Ironically, after a decade in which public sector reform has been top of the agenda, it’s now beginning to look as if the acid test of performance will be how well public service providers respond to the recession. The increase in demand for services, often from new groups of service-users, is providing opportunity aplenty for innovation and good practice. But it also raises the spectre of budget cuts and service failure.

One area already in trouble is the government’s plans to get people back to work. The push for efficiency savings led to the axing of 18,000 job centre staff between 2004 and 2007 and the closure of around 500 jobcentres and benefit offices. This month, the Public and Commercial Services union, which represents Jobcentre Plus staff, warned that the system was creaking under the strain of rising unemployment.

The Department for Work and Pensions concedes that demand has risen exponentially. ‘Jobcentre Plus’s original plans, before the downturn, assumed about 45,000 Jobseeker’s Allowance claims a week, based on previous experience,’ says a spokeswoman. ‘But now 80,000 claims a week is quite usual and we have seen peaks of 100,000. Our contact centres took around 170,000 phone calls a week during January, 48% higher than the same time last year.’

The government is now rapidly backtracking and is giving the DWP an extra £1.3bn to help it cope over the next two years. The department has recruited 2,500 more staff since November, and is currently recruiting 6,000 more.

And on the day the latest unemployment figures hit 1.97 million, employment minister Tony McNulty made the mistake – during an appearance on the BBC Newsnight programme – of trying to reassure an angry audience in Birmingham that the service would help match jobs to their skills.
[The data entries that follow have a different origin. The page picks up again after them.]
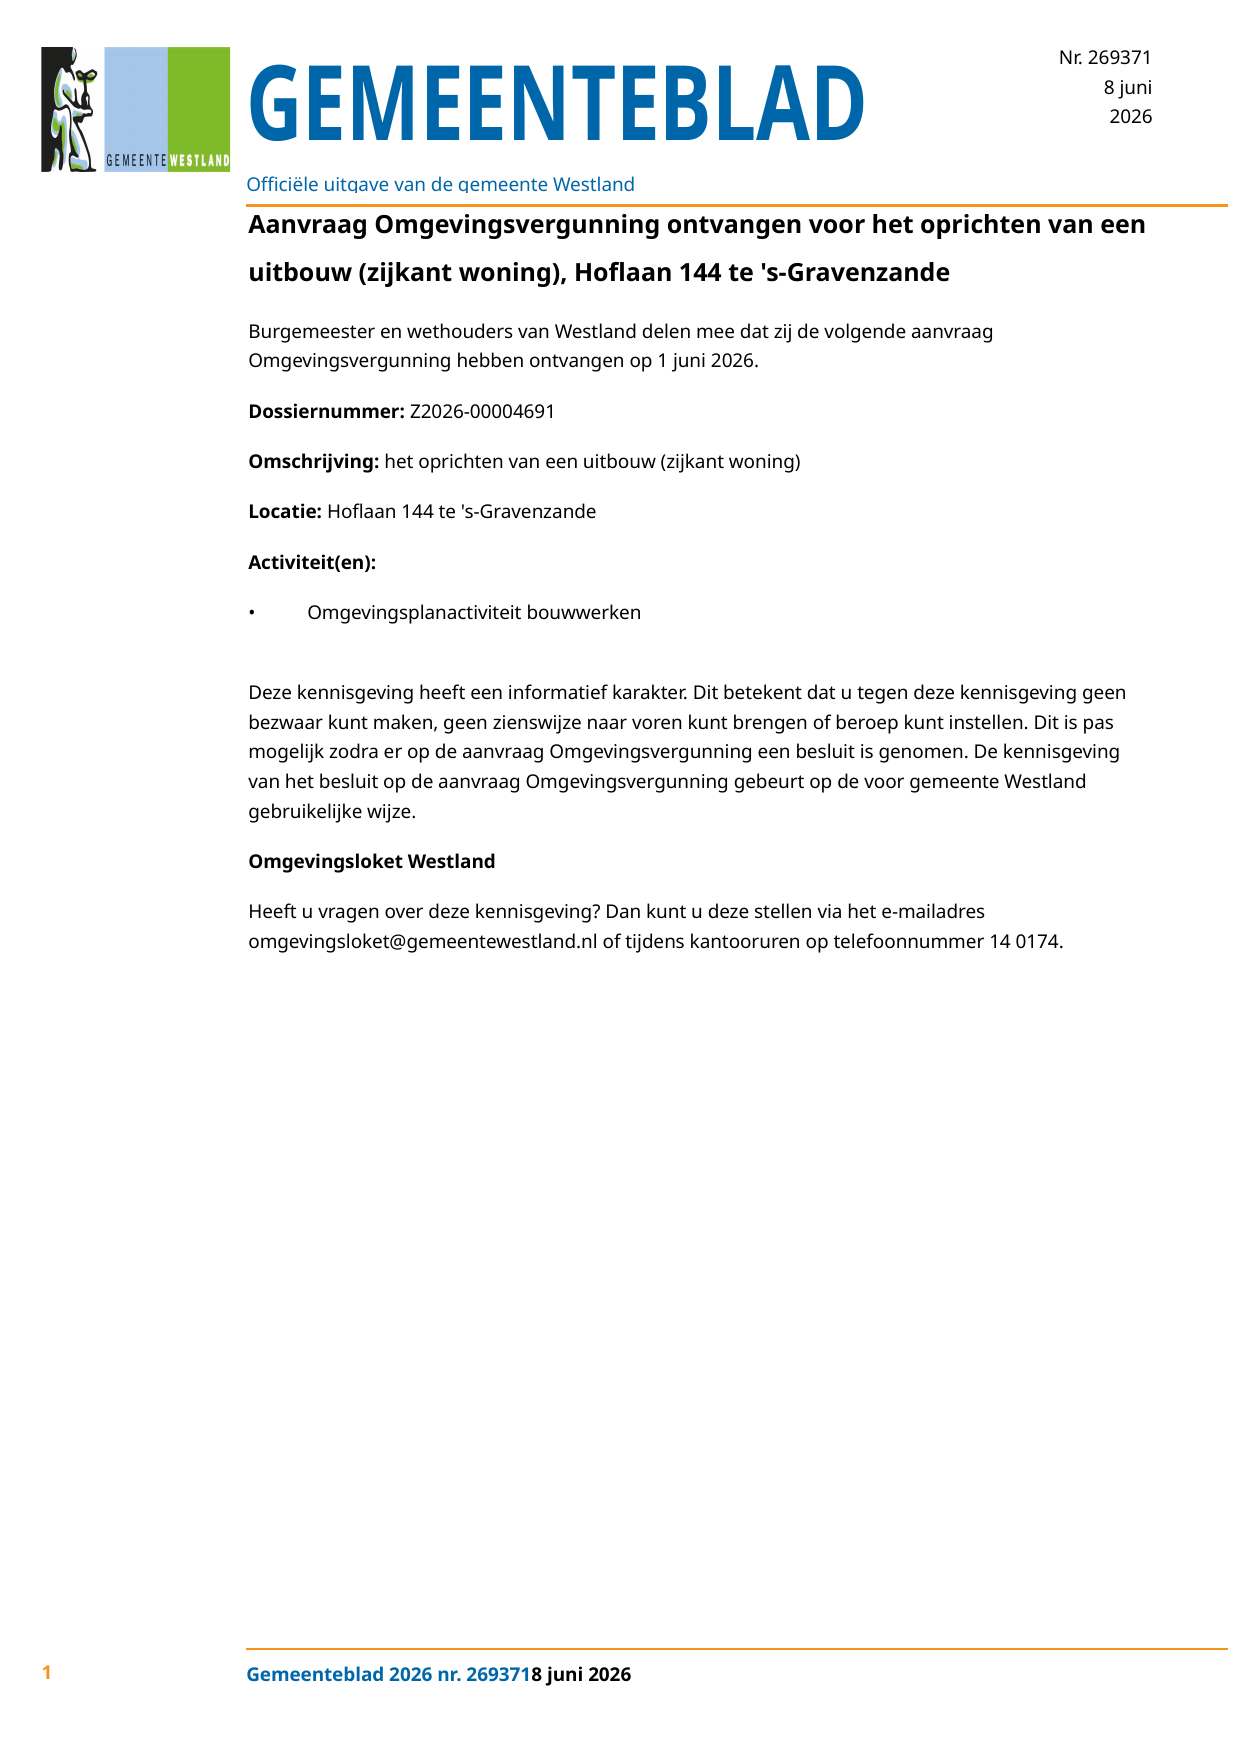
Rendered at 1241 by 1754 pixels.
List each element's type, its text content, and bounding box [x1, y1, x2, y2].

text Heeft u vragen over deze kennisgeving? Dan kunt u deze stellen via het e-mailadres omgevingsloket@gemeentewestland.nl of tijdens kantooruren op telefoonnummer 14 0174. [248, 899, 1152, 954]
picture [41, 47, 231, 172]
text Burgemeester en wethouders van Westland delen mee dat zij de volgende aanvraag Omgevingsvergunning hebben ontvangen op 1 juni 2026. [248, 318, 1152, 373]
text Dossiernummer: Z2026-00004691 [248, 398, 1152, 424]
text Omgevingsloket Westland [248, 848, 1152, 874]
text Omschrijving: het oprichten van een uitbouw (zijkant woning) [248, 448, 1152, 474]
list Omgevingsplanactiviteit bouwwerken [248, 599, 1152, 625]
text Activiteit(en): [248, 549, 1152, 575]
text Deze kennisgeving heeft een informatief karakter. Dit betekent dat u tegen deze kennisgeving geen bezwaar kunt maken, geen zienswijze naar voren kunt brengen of beroep kunt instellen. Dit is pas mogelijk zodra er op de aanvraag Omgevingsvergunning een besluit is genomen. De kennisgeving van het besluit op de aanvraag Omgevingsvergunning gebeurt op de voor gemeente Westland gebruikelijke wijze. [248, 679, 1152, 824]
text Aanvraag Omgevingsvergunning ontvangen voor het oprichten van een uitbouw (zijkant woning), Hoflaan 144 te 's-Gravenzande [248, 207, 1152, 288]
text Locatie: Hoflaan 144 te 's-Gravenzande [248, 499, 1152, 524]

Several people, including a woman recently made redundant from Woolworths, told him in no uncertain terms that Jobcentre Plus had done nothing to help them.
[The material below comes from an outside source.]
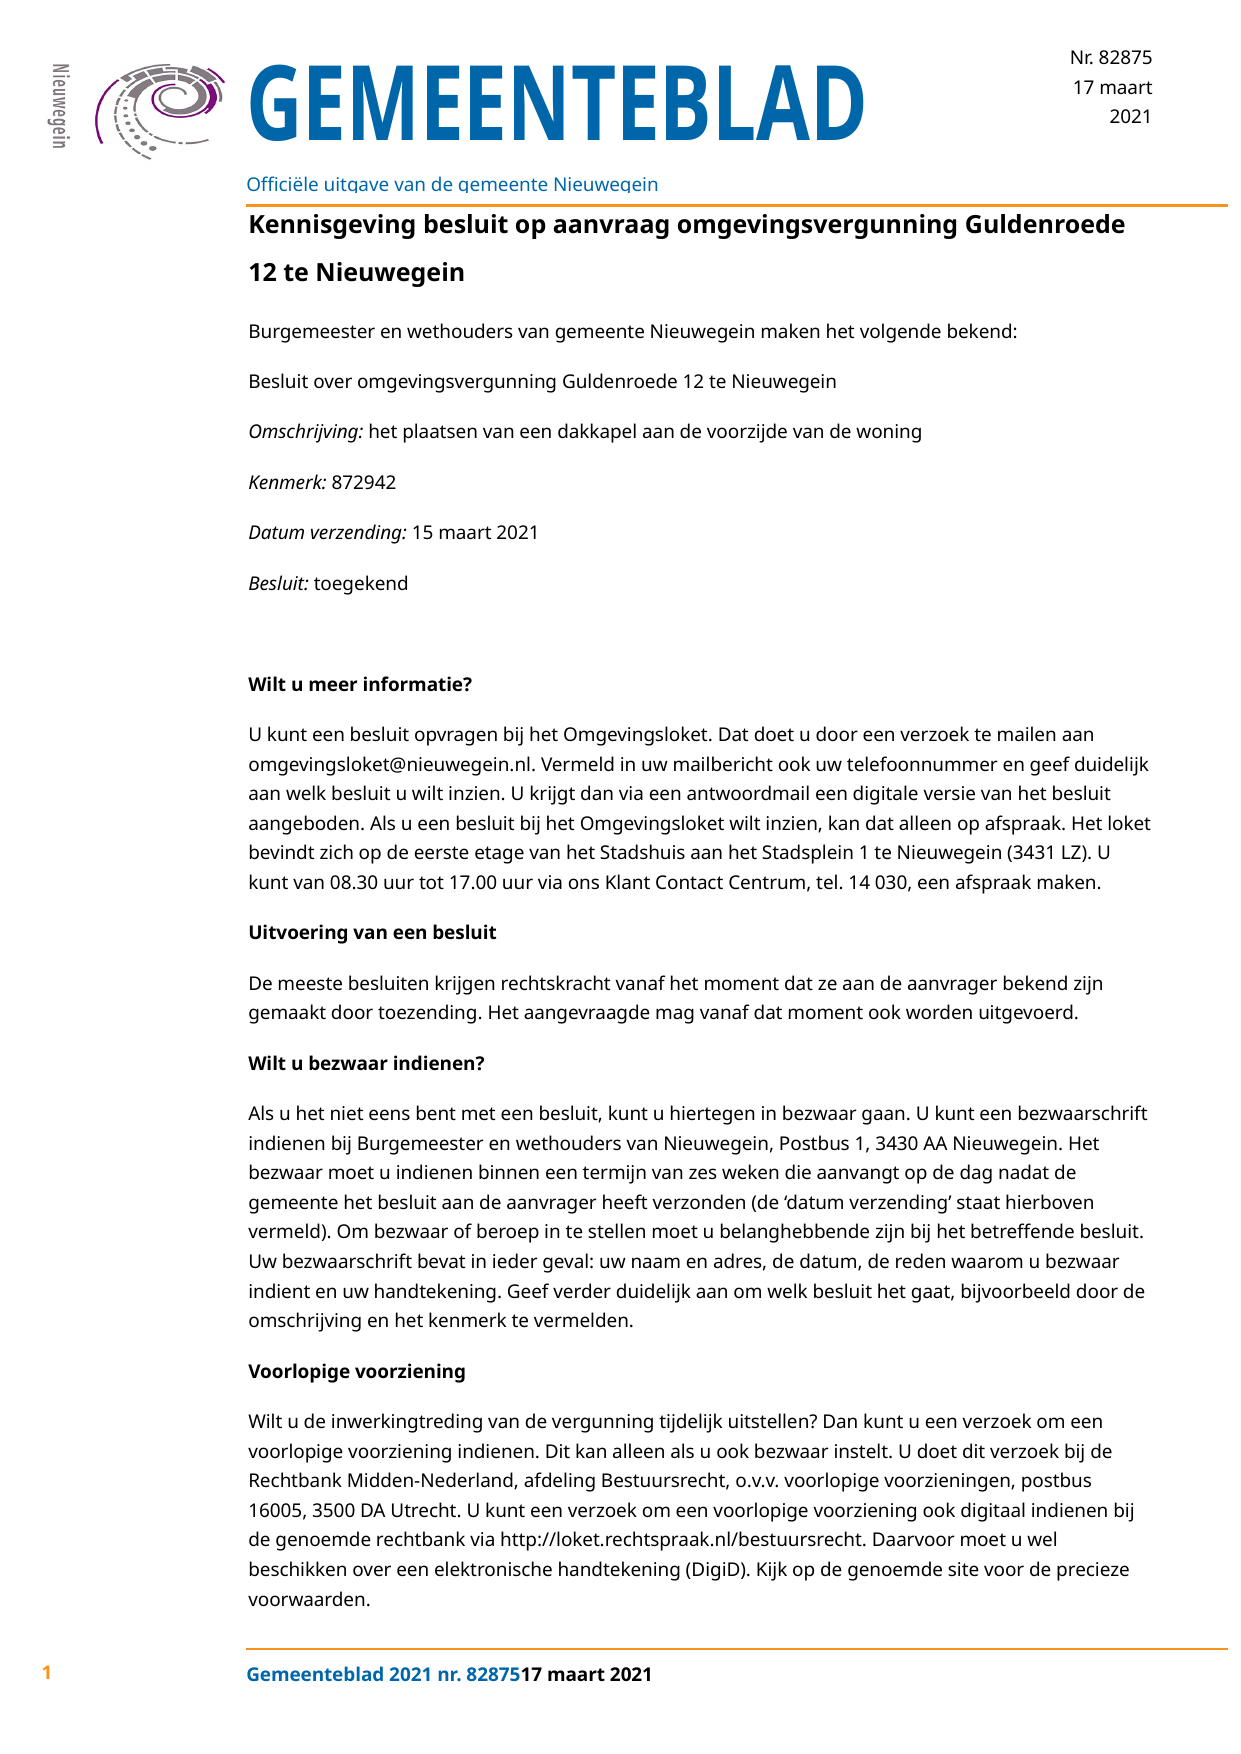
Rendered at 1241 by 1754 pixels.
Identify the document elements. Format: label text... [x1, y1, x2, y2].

Cabinet secretary Sir Gus O’Donnell recently tried to spin the problem, citing staff’s handling of the dramatic rise in benefit claims as evidence of the public sector’s capability. ‘What other organisation, public or private, could cope so well with so substantial an increase in its workload over a period of just a few months?’ he told the Royal Society of Arts on February 18.

It has also emerged that the government needs to renegotiate contracts for private sector providers under the Flexible New Deal programmes. These are intended to find jobs for people who have been unemployed for years but, with fewer jobs than when the deals were struck last year, they face an uphill task. Meanwhile, the architect of the scheme, former government adviser David Freud, has defected to the Conservatives.

In local government, there is no shortage of ideas, with some councils coming up with recession-busting initiatives. Essex County Council proposes to beat the credit famine locally by launching a ‘Bank of Essex’ to offer loans to small and medium-sized businesses, and there are also plans for a council-backed credit union.

But with one in seven councils already planning job cuts, local authorities might struggle to maintain even existing service levels, according to an LGA survey in January.

Norwich has so far avoided major service cuts in this year’s budget, economising by dropping some non-urgent road repairs and verge-cutting. But Marshall warns that, if the recession continues, more serious cuts could be in the offing. ‘If the economic situation doesn’t pick up, we will have some fairly serious decisions to make,’ he says.

Meanwhile, from his position as a frontline service provider, the aptly named Wiseman from Norfolk CAB saw it all coming. ‘We kind of foresaw the bank crisis, because we could see the banks were reporting more and more bad debts,’ he says. ‘You could see this was all going to end in tears.’